Low interest rates will last more than two years – David Rosenberg

It is inevitable that the global economy will see a bounce in activity after being devastated by the COVID-19 pandemic, but don’t expect it to reach pre-crisis levels any time soon, according to one economist.

In an interview with Kitco News, David Rosenberg, chief economist at strategist at Rosenberg Research and Associates, not only warned investors to expect a slower economic recovery but also that they shouldn’t look at equity market valuations as a signs that everything will be back to normal soon.

Although equities markets have seen their biggest rally in history off the March lows, Rosenberg said that the rally is being artificially supported by massive stimulus measures from the Federal Reserve and the federal government.

Last week, optimism for a V-shaped recovery picked up after the U.S. government reported a strong rise in retail sales in May. However, Rosenberg said that increased consumption is not sustainable.

“Maybe it shouldn't have been that big of a surprise when you consider that in the month of April, the U.S. government handed out $3 trillion,” he said. “That is basically charity money from uncle Sam to keep social stability intact.”

“Since then, industrial production and housing starts, both came in below expected, but you see, as long as the stock market's going up and up and up the people are going to believe that everything is good,” he added.

As to how to navigate these financial markets that have been artificially stimulated, Rosenberg said that it makes sense to hold some gold.

“All the central bank alchemy has led to these ever increasingly unstable markets. And we have to realize that volatility works in both directions up and down,” he said “Gold is going to do very well against this backdrop.”

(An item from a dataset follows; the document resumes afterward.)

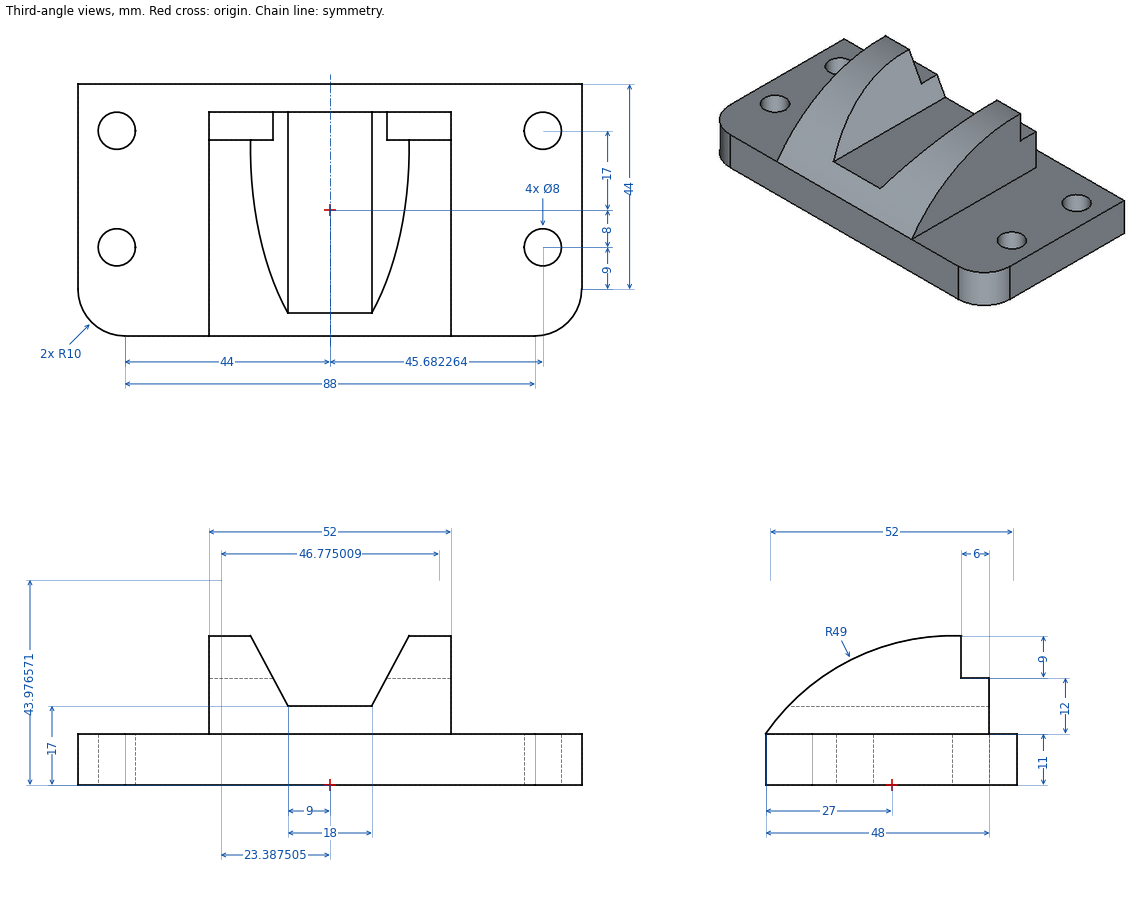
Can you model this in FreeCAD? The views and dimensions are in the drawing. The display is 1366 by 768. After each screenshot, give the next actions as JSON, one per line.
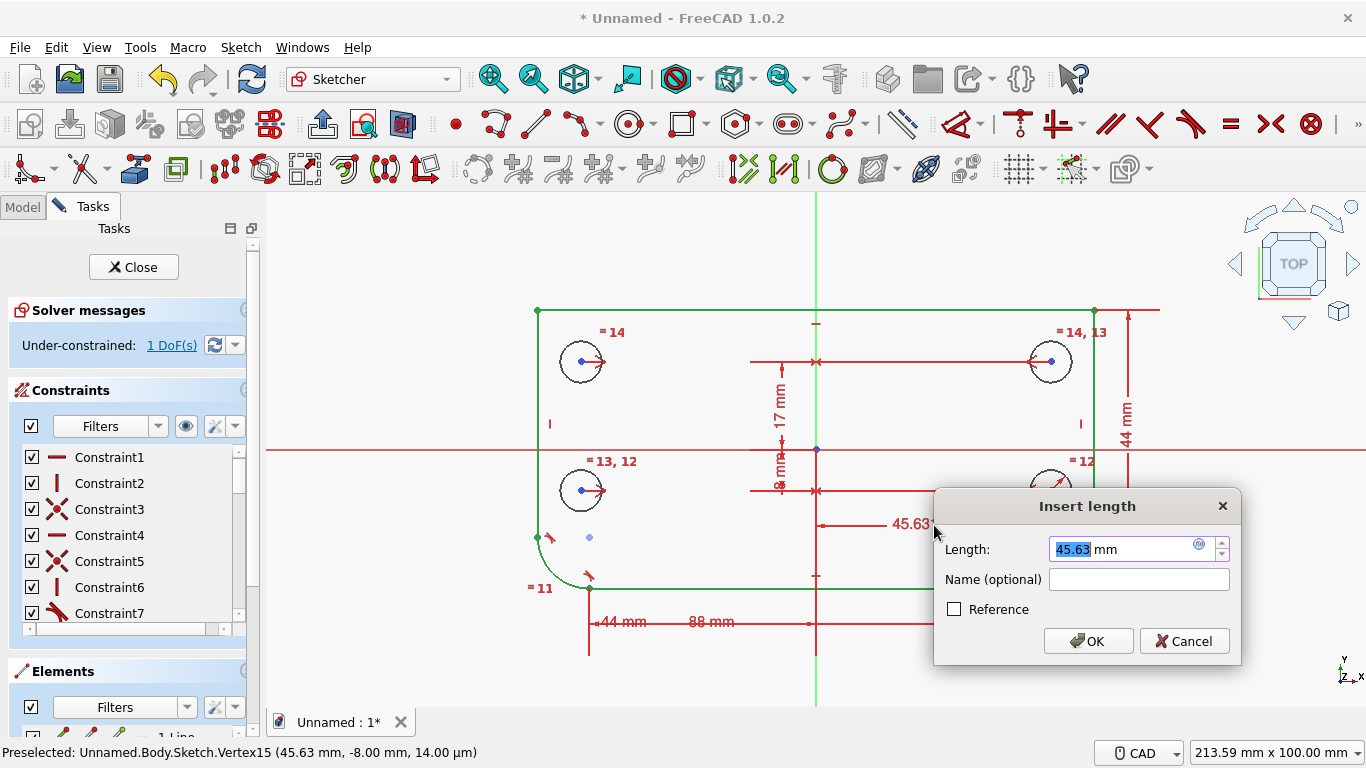
{"action": "type", "text": "45.682264"}
{"action": "key", "text": "Return"}
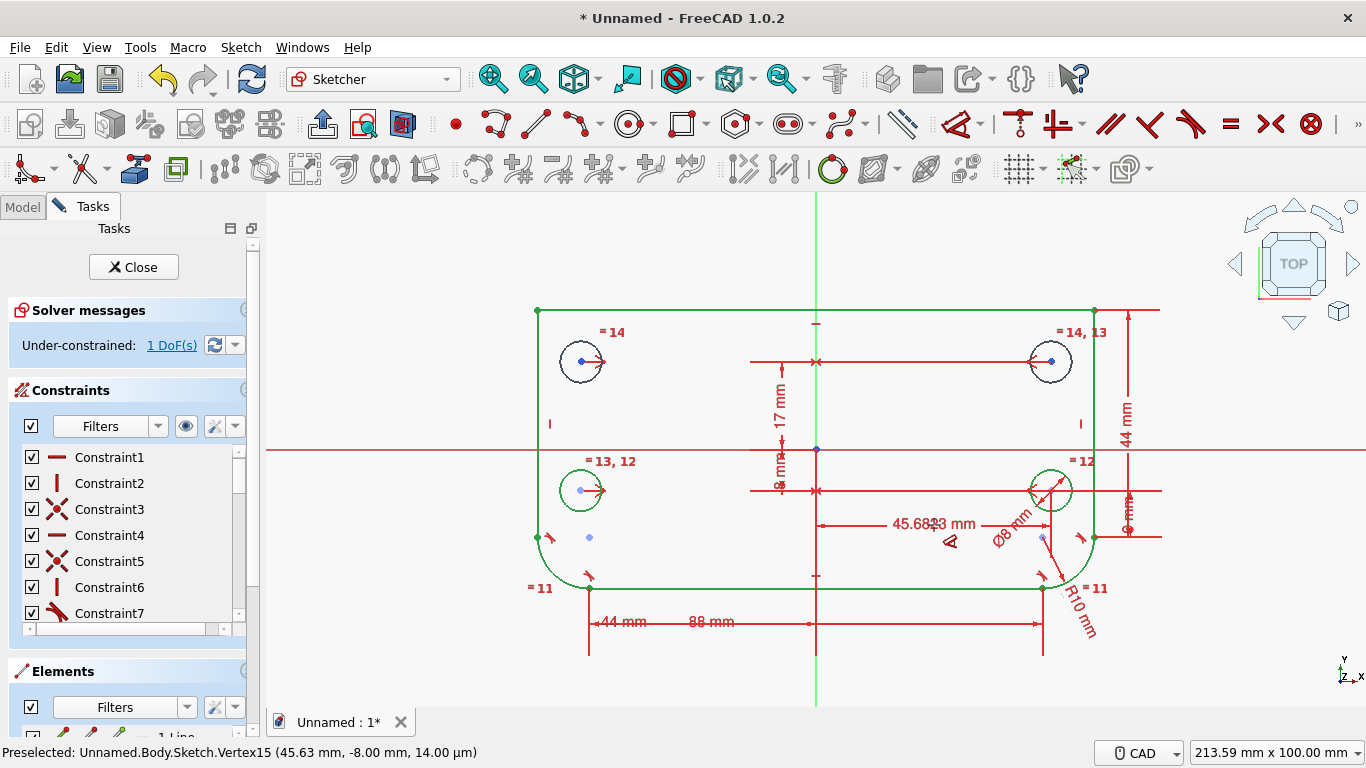
{"action": "left_click", "coordinate": [1051, 362]}
{"action": "left_click", "coordinate": [934, 328]}

Looking at interest rates, Federal Reserve is forecasting interest rates to remain at the zero-bound target for the next two years; however, Rosenberg said that a report published by the San Francisco Federal Reserve that looked at pandemics through the ages and the study suggests that rates could remain lower for much longer.

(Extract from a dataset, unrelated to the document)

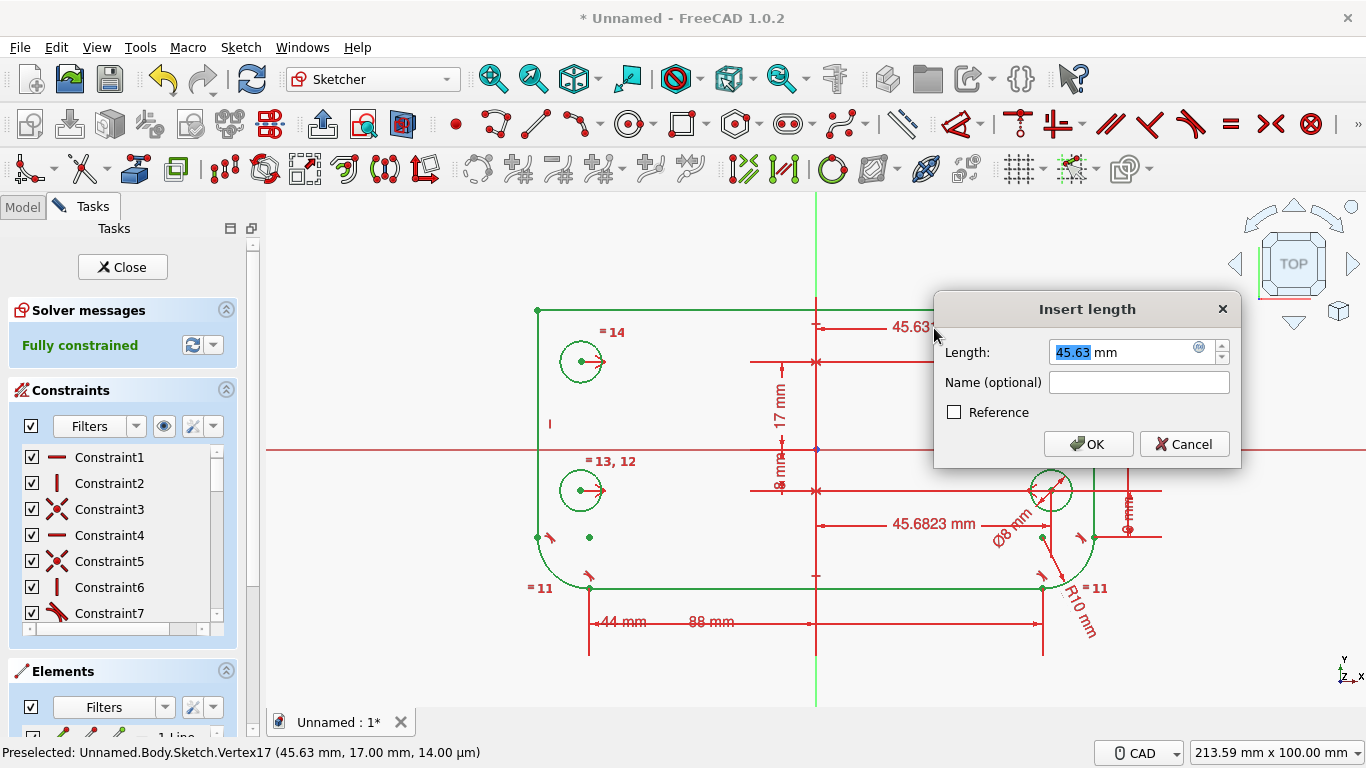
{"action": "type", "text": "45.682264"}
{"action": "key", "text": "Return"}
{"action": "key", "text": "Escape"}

Quoting the report, Rosenberg said that the conclusion of the research shows that historically after a major pandemic, interest rates have remained low for decades afterwards.

“There's still going to be this lingering output gap, which is why [the Federal Reserve is] going to have rates close to zero for many years to come, I think beyond just a 2022,” he said.

Instead of looking at value plays in equity markets where valuation is tainted with central bank stimulus, Rosenberg said that investors should look for growth opportunities. Some of the sectors Rosenberg said that he likes include big tech as more and more people use technology to work from home, healthcare, and consumer staples and grocery stores that have developed strong online delivery programs.